#### [Items from a data source]
--- START ---

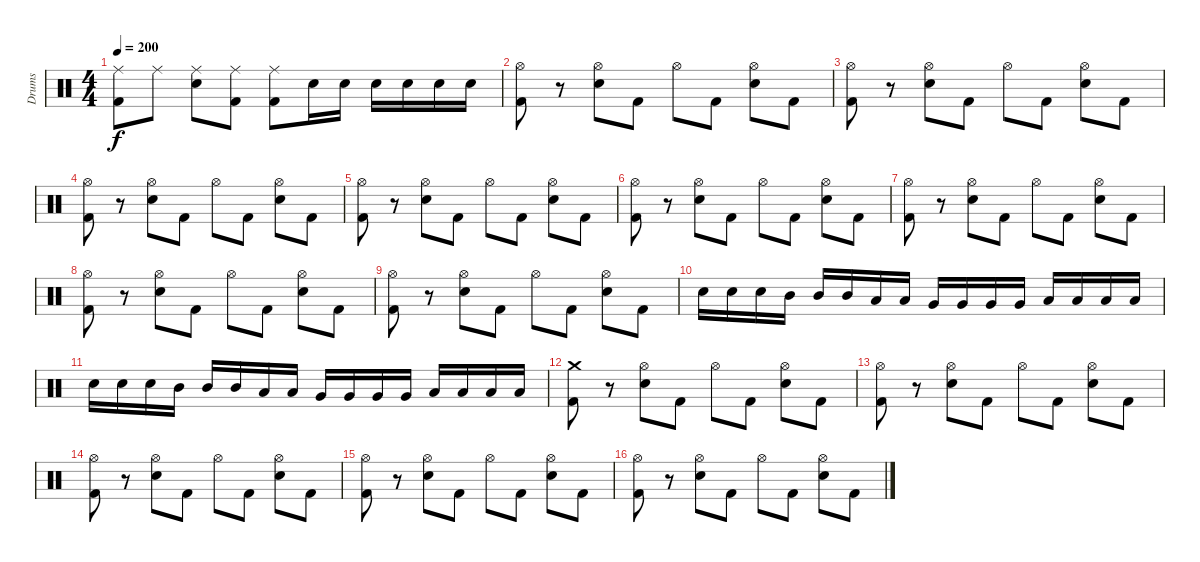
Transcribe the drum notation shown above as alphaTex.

\track ("Drums" "Drums") {instrument percussion}
\staff {score}
\articulation defaults
\ts (4 4)
\tempo 200
\clef neutral
\ks c
("Kick (hit) 2" "Ride (middle)").8{dy f} "Ride (middle)".8 ("Electric Snare (hit)" "Ride (middle)").8 ("Kick (hit) 2" "Ride (middle)").8 ("Kick (hit) 2" "Ride (middle)").8 "Electric Snare (hit)".16 "Electric Snare (hit)".16 "Electric Snare (hit)".16 "Electric Snare (hit)".16 "Electric Snare (hit)".16 "Electric Snare (hit)".16 |
("Kick (hit) 2" "Hi-Hat (open)").8 r.8 ("Electric Snare (hit)" "Hi-Hat (open)").8 "Kick (hit) 2".8 "Hi-Hat (open)".8 "Kick (hit) 2".8 ("Electric Snare (hit)" "Hi-Hat (open)").8 "Kick (hit) 2".8 |
("Kick (hit) 2" "Hi-Hat (open)").8 r.8 ("Electric Snare (hit)" "Hi-Hat (open)").8 "Kick (hit) 2".8 "Hi-Hat (open)".8 "Kick (hit) 2".8 ("Electric Snare (hit)" "Hi-Hat (open)").8 "Kick (hit) 2".8 |
("Kick (hit) 2" "Hi-Hat (open)").8 r.8 ("Electric Snare (hit)" "Hi-Hat (open)").8 "Kick (hit) 2".8 "Hi-Hat (open)".8 "Kick (hit) 2".8 ("Electric Snare (hit)" "Hi-Hat (open)").8 "Kick (hit) 2".8 |
("Kick (hit) 2" "Hi-Hat (open)").8 r.8 ("Electric Snare (hit)" "Hi-Hat (open)").8 "Kick (hit) 2".8 "Hi-Hat (open)".8 "Kick (hit) 2".8 ("Electric Snare (hit)" "Hi-Hat (open)").8 "Kick (hit) 2".8 |
("Kick (hit) 2" "Hi-Hat (open)").8 r.8 ("Electric Snare (hit)" "Hi-Hat (open)").8 "Kick (hit) 2".8 "Hi-Hat (open)".8 "Kick (hit) 2".8 ("Electric Snare (hit)" "Hi-Hat (open)").8 "Kick (hit) 2".8 |
("Kick (hit) 2" "Hi-Hat (open)").8 r.8 ("Electric Snare (hit)" "Hi-Hat (open)").8 "Kick (hit) 2".8 "Hi-Hat (open)".8 "Kick (hit) 2".8 ("Electric Snare (hit)" "Hi-Hat (open)").8 "Kick (hit) 2".8 |
("Kick (hit) 2" "Hi-Hat (open)").8 r.8 ("Electric Snare (hit)" "Hi-Hat (open)").8 "Kick (hit) 2".8 "Hi-Hat (open)".8 "Kick (hit) 2".8 ("Electric Snare (hit)" "Hi-Hat (open)").8 "Kick (hit) 2".8 |
("Kick (hit) 2" "Hi-Hat (open)").8 r.8 ("Electric Snare (hit)" "Hi-Hat (open)").8 "Kick (hit) 2".8 "Hi-Hat (open)".8 "Kick (hit) 2".8 ("Electric Snare (hit)" "Hi-Hat (open)").8 "Kick (hit) 2".8 |
"Electric Snare (hit)".16 "Electric Snare (hit)".16 "Electric Snare (hit)".16 "Mid Tom (hit)".16 "Mid Tom (hit)".16 "Mid Tom (hit)".16 "Low Tom (hit)".16 "Low Tom (hit)".16 "Very Low Tom (hit)".16 "Very Low Tom (hit)".16 "Very Low Tom (hit)".16 "Very Low Tom (hit)".16 "Low Floor Tom (hit)".16 "Low Floor Tom (hit)".16 "Low Floor Tom (hit)".16 "Low Floor Tom (hit)".16 |
"Electric Snare (hit)".16 "Electric Snare (hit)".16 "Electric Snare (hit)".16 "Mid Tom (hit)".16 "Mid Tom (hit)".16 "Mid Tom (hit)".16 "Low Tom (hit)".16 "Low Tom (hit)".16 "Very Low Tom (hit)".16 "Very Low Tom (hit)".16 "Very Low Tom (hit)".16 "Very Low Tom (hit)".16 "Low Floor Tom (hit)".16 "Low Floor Tom (hit)".16 "Low Floor Tom (hit)".16 "Low Floor Tom (hit)".16 |
("Kick (hit) 2" "Crash medium (hit)").8 r.8 ("Electric Snare (hit)" "Hi-Hat (open)").8 "Kick (hit) 2".8 "Hi-Hat (open)".8 "Kick (hit) 2".8 ("Electric Snare (hit)" "Hi-Hat (open)").8 "Kick (hit) 2".8 |
("Kick (hit) 2" "Hi-Hat (open)").8 r.8 ("Electric Snare (hit)" "Hi-Hat (open)").8 "Kick (hit) 2".8 "Hi-Hat (open)".8 "Kick (hit) 2".8 ("Electric Snare (hit)" "Hi-Hat (open)").8 "Kick (hit) 2".8 |
("Kick (hit) 2" "Hi-Hat (open)").8 r.8 ("Electric Snare (hit)" "Hi-Hat (open)").8 "Kick (hit) 2".8 "Hi-Hat (open)".8 "Kick (hit) 2".8 ("Electric Snare (hit)" "Hi-Hat (open)").8 "Kick (hit) 2".8 |
("Kick (hit) 2" "Hi-Hat (open)").8 r.8 ("Electric Snare (hit)" "Hi-Hat (open)").8 "Kick (hit) 2".8 "Hi-Hat (open)".8 "Kick (hit) 2".8 ("Electric Snare (hit)" "Hi-Hat (open)").8 "Kick (hit) 2".8 |
("Kick (hit) 2" "Hi-Hat (open)").8 r.8 ("Electric Snare (hit)" "Hi-Hat (open)").8 "Kick (hit) 2".8 "Hi-Hat (open)".8 "Kick (hit) 2".8 ("Electric Snare (hit)" "Hi-Hat (open)").8 "Kick (hit) 2".8

--- END ---

#### [YOUR INSTRUCTIONS]
Copy the data exactly. Any picture it contains is to be omitted.

#### [FINISHED TASK]
Transcribe the drum notation shown above as alphaTex.

\track ("Drums" "Drums") {instrument percussion}
\staff {score}
\articulation defaults
\ts (4 4)
\tempo 200
\clef neutral
\ks c
("Kick (hit) 2" "Ride (middle)").8{dy f} "Ride (middle)".8 ("Electric Snare (hit)" "Ride (middle)").8 ("Kick (hit) 2" "Ride (middle)").8 ("Kick (hit) 2" "Ride (middle)").8 "Electric Snare (hit)".16 "Electric Snare (hit)".16 "Electric Snare (hit)".16 "Electric Snare (hit)".16 "Electric Snare (hit)".16 "Electric Snare (hit)".16 |
("Kick (hit) 2" "Hi-Hat (open)").8 r.8 ("Electric Snare (hit)" "Hi-Hat (open)").8 "Kick (hit) 2".8 "Hi-Hat (open)".8 "Kick (hit) 2".8 ("Electric Snare (hit)" "Hi-Hat (open)").8 "Kick (hit) 2".8 |
("Kick (hit) 2" "Hi-Hat (open)").8 r.8 ("Electric Snare (hit)" "Hi-Hat (open)").8 "Kick (hit) 2".8 "Hi-Hat (open)".8 "Kick (hit) 2".8 ("Electric Snare (hit)" "Hi-Hat (open)").8 "Kick (hit) 2".8 |
("Kick (hit) 2" "Hi-Hat (open)").8 r.8 ("Electric Snare (hit)" "Hi-Hat (open)").8 "Kick (hit) 2".8 "Hi-Hat (open)".8 "Kick (hit) 2".8 ("Electric Snare (hit)" "Hi-Hat (open)").8 "Kick (hit) 2".8 |
("Kick (hit) 2" "Hi-Hat (open)").8 r.8 ("Electric Snare (hit)" "Hi-Hat (open)").8 "Kick (hit) 2".8 "Hi-Hat (open)".8 "Kick (hit) 2".8 ("Electric Snare (hit)" "Hi-Hat (open)").8 "Kick (hit) 2".8 |
("Kick (hit) 2" "Hi-Hat (open)").8 r.8 ("Electric Snare (hit)" "Hi-Hat (open)").8 "Kick (hit) 2".8 "Hi-Hat (open)".8 "Kick (hit) 2".8 ("Electric Snare (hit)" "Hi-Hat (open)").8 "Kick (hit) 2".8 |
("Kick (hit) 2" "Hi-Hat (open)").8 r.8 ("Electric Snare (hit)" "Hi-Hat (open)").8 "Kick (hit) 2".8 "Hi-Hat (open)".8 "Kick (hit) 2".8 ("Electric Snare (hit)" "Hi-Hat (open)").8 "Kick (hit) 2".8 |
("Kick (hit) 2" "Hi-Hat (open)").8 r.8 ("Electric Snare (hit)" "Hi-Hat (open)").8 "Kick (hit) 2".8 "Hi-Hat (open)".8 "Kick (hit) 2".8 ("Electric Snare (hit)" "Hi-Hat (open)").8 "Kick (hit) 2".8 |
("Kick (hit) 2" "Hi-Hat (open)").8 r.8 ("Electric Snare (hit)" "Hi-Hat (open)").8 "Kick (hit) 2".8 "Hi-Hat (open)".8 "Kick (hit) 2".8 ("Electric Snare (hit)" "Hi-Hat (open)").8 "Kick (hit) 2".8 |
"Electric Snare (hit)".16 "Electric Snare (hit)".16 "Electric Snare (hit)".16 "Mid Tom (hit)".16 "Mid Tom (hit)".16 "Mid Tom (hit)".16 "Low Tom (hit)".16 "Low Tom (hit)".16 "Very Low Tom (hit)".16 "Very Low Tom (hit)".16 "Very Low Tom (hit)".16 "Very Low Tom (hit)".16 "Low Floor Tom (hit)".16 "Low Floor Tom (hit)".16 "Low Floor Tom (hit)".16 "Low Floor Tom (hit)".16 |
"Electric Snare (hit)".16 "Electric Snare (hit)".16 "Electric Snare (hit)".16 "Mid Tom (hit)".16 "Mid Tom (hit)".16 "Mid Tom (hit)".16 "Low Tom (hit)".16 "Low Tom (hit)".16 "Very Low Tom (hit)".16 "Very Low Tom (hit)".16 "Very Low Tom (hit)".16 "Very Low Tom (hit)".16 "Low Floor Tom (hit)".16 "Low Floor Tom (hit)".16 "Low Floor Tom (hit)".16 "Low Floor Tom (hit)".16 |
("Kick (hit) 2" "Crash medium (hit)").8 r.8 ("Electric Snare (hit)" "Hi-Hat (open)").8 "Kick (hit) 2".8 "Hi-Hat (open)".8 "Kick (hit) 2".8 ("Electric Snare (hit)" "Hi-Hat (open)").8 "Kick (hit) 2".8 |
("Kick (hit) 2" "Hi-Hat (open)").8 r.8 ("Electric Snare (hit)" "Hi-Hat (open)").8 "Kick (hit) 2".8 "Hi-Hat (open)".8 "Kick (hit) 2".8 ("Electric Snare (hit)" "Hi-Hat (open)").8 "Kick (hit) 2".8 |
("Kick (hit) 2" "Hi-Hat (open)").8 r.8 ("Electric Snare (hit)" "Hi-Hat (open)").8 "Kick (hit) 2".8 "Hi-Hat (open)".8 "Kick (hit) 2".8 ("Electric Snare (hit)" "Hi-Hat (open)").8 "Kick (hit) 2".8 |
("Kick (hit) 2" "Hi-Hat (open)").8 r.8 ("Electric Snare (hit)" "Hi-Hat (open)").8 "Kick (hit) 2".8 "Hi-Hat (open)".8 "Kick (hit) 2".8 ("Electric Snare (hit)" "Hi-Hat (open)").8 "Kick (hit) 2".8 |
("Kick (hit) 2" "Hi-Hat (open)").8 r.8 ("Electric Snare (hit)" "Hi-Hat (open)").8 "Kick (hit) 2".8 "Hi-Hat (open)".8 "Kick (hit) 2".8 ("Electric Snare (hit)" "Hi-Hat (open)").8 "Kick (hit) 2".8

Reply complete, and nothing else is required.